Read Metadata
You can use the Read Metadata step to search and retrieve metadata in the Data Catalog that is associated with specific data resources that are registered in Data Catalog.
You can create a transformation that searches Data Catalog for metadata that points to data in CSV files that are stored in HDFS or S3. You can then pass all the associated metadata, including the location of the data, to other steps in your transformation for processing.
For example, you can use the Read Metadata step to retrieve the metadata for the location of a data file and then pass that location metadata to a Text File input step or a Catalog Input step. The Text File input step or Catalog Input step uses the location metadata to retrieve data from the file for an ETL operation on the data.
The Read Metadata step includes search options to identify, locate, and retrieve the metadata associated with the available data resources listed in Data Catalog .
For more information about accessing Data Catalog in PDI, see PDI and Data Catalog.
Before you begin
Before you can use the Read Metadata step, you must establish a VFS connection to Data Catalog. For more information, see Access to Data Catalog. You must also have role permissions set in Data Catalog to read the metadata that is associated with the data resources that are registered in Data Catalog.
General
The following options are general to the Read Metadata transformation step.
Option | Description |
Step name | Specify a unique name for the Read Metadata step. You can customize the name or use the default name. |
Connection |
Select the name of your connection to Data Catalog. See Connecting to Virtual File Systems for details. |
Options
Use the Read Metadata step to search for data resources and associated metadata. You can search for Data Catalog data resources by using the following options:
Specific Resources
Search Data Catalog by using the unique resource ID that is associated with a data resource.
Search Criteria
Search Data Catalog for specific data resources by using criteria that you select from lists of the metadata available in your instance of Data Catalog.
Advanced Search
Creates a JSON script that queries the Data Catalog business terms for specific data resources. For more information, see the Data Catalog REST API.
Specific Resources
Select Specific Resources if you know the unique identification key that Data Catalog assigned to a data resource.
Select Column Only if you want to search column-level metadata inside the specified data resources. Clear the Column Only check box if you want to search file metadata.
Use the following options to search for specific resources in Data Catalog. The data resource must be profiled in Data Catalog to be added.
Option | Description |
ID | Enter the Data Catalog resource identifier.
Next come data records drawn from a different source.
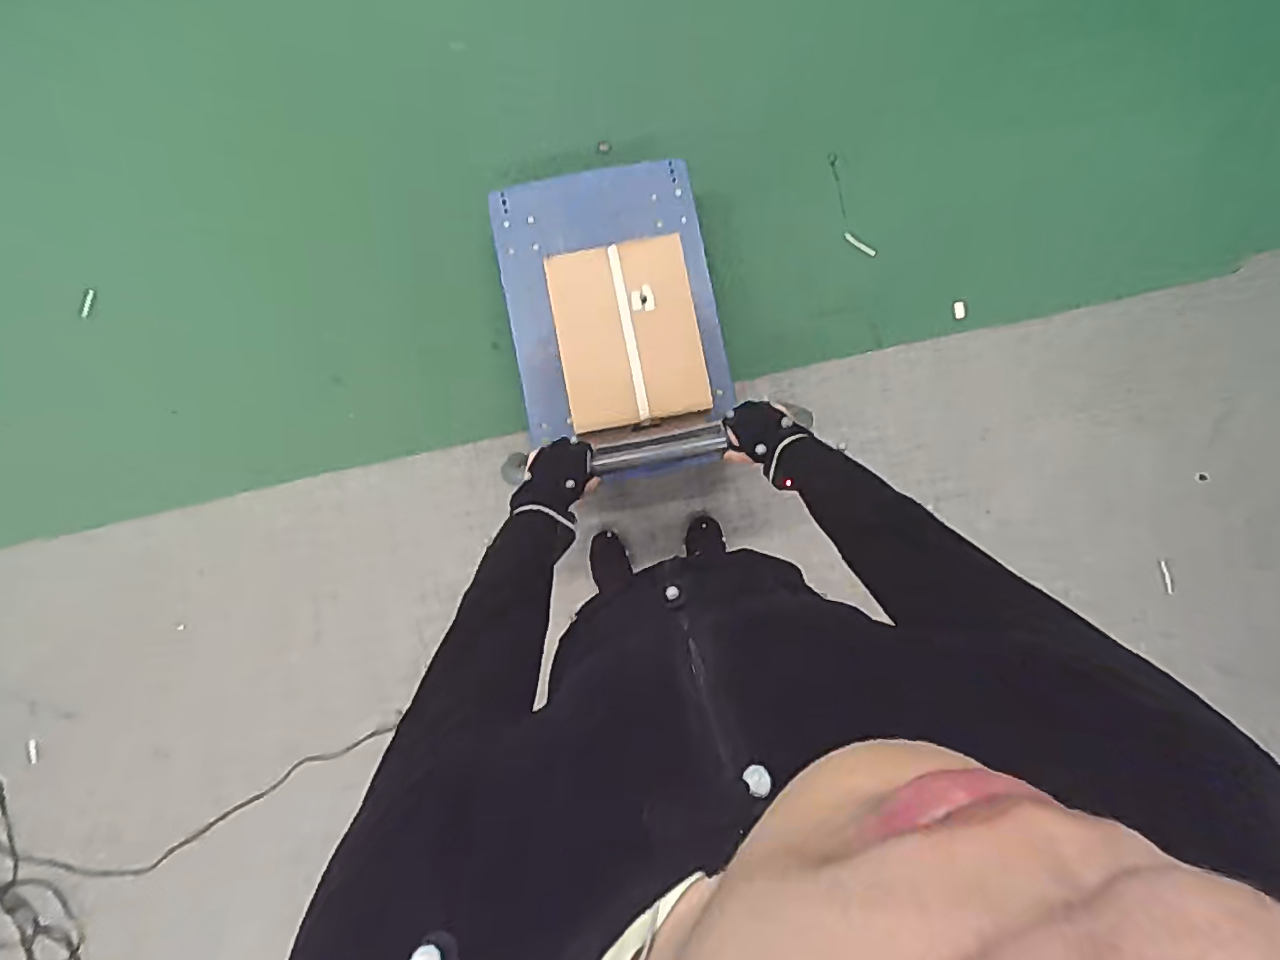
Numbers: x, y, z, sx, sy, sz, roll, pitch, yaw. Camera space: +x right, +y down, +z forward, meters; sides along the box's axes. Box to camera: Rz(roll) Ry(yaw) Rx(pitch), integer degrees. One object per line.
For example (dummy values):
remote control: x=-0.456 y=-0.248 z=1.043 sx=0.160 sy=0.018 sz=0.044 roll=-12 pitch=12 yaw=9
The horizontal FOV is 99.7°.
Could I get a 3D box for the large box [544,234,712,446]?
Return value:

The resource must first be profiled in Data Catalog before it can be found by a search. |
Add | Click Add to retrieve the profiled data that is associated with the Resource ID in Data Catalog. |
Delete | Click Delete to remove one or more selected resources from the Selected Files table. |
Edit | Click Edit to make a selected resource in the Selected Files table editable. |
Results of the search are displayed in the Selected Files table, which provides details about the data resources that were found.
Column | Description |
Resource Name | Displays the name of the resource in Data Catalog. |
ID | Displays the Data Catalog resource identification key. |
Resource Type | Displays the data type associated with the resource in Data Catalog. |
Origin | Displays the origin of the resource in Data Catalog, related to its linage or point of origin in the cluster. |
If you have restricted access to a data resource or a specific data type, PDI notifies you.
Search Criteria
Select Search Criteria if you know general information about the data resource. Results are filtered by the criteria selected.
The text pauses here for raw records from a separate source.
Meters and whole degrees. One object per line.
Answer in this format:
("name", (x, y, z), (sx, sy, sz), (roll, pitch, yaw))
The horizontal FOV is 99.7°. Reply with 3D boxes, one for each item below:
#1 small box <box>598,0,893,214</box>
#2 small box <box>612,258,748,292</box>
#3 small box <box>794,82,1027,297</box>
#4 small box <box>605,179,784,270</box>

Select Column Only if you want to search column-level metadata inside data resources. Clear the Column Only check box if you want to search file metadata.
Use the following options to specify search criteria to use for finding data resources.
Option | Description |
Limit Number of Entities | Limit the number of entities that are shown per page in the search results. |
Keyword | Enter a Data Catalog keyword to use for the search. |
Business Terms | Select one or more Data Catalog business terms that might be assigned to the data resource. |
Virtual Folders | Select a Data Catalog virtual folder where the data resource is located or might be located. |
Data Sources | Select a Data Catalog data source that might be associated with the data resource. |
Resource Type | Select a resource type to search. |
Files Size | Select a file size range to search. |
File Format | Select a specific file format to search for. NoteOnly CSV file formats are supported for Catalog
Input and Catalog Output steps.
|
If you have restricted access to a data resource or a specific data type, PDI notifies you.
Advanced Search
To perform advanced searches of the Data Catalog, enter a JSON string to communicate with the Data Catalog API. The transformation uses the JSON string and Data Catalog APIs to run the search and returns results.
Select Column Only if you want to search column-level metadata inside data resources. Clear the Column Only check box if you want to search file metadata.
For more information, see the Data Catalog REST API.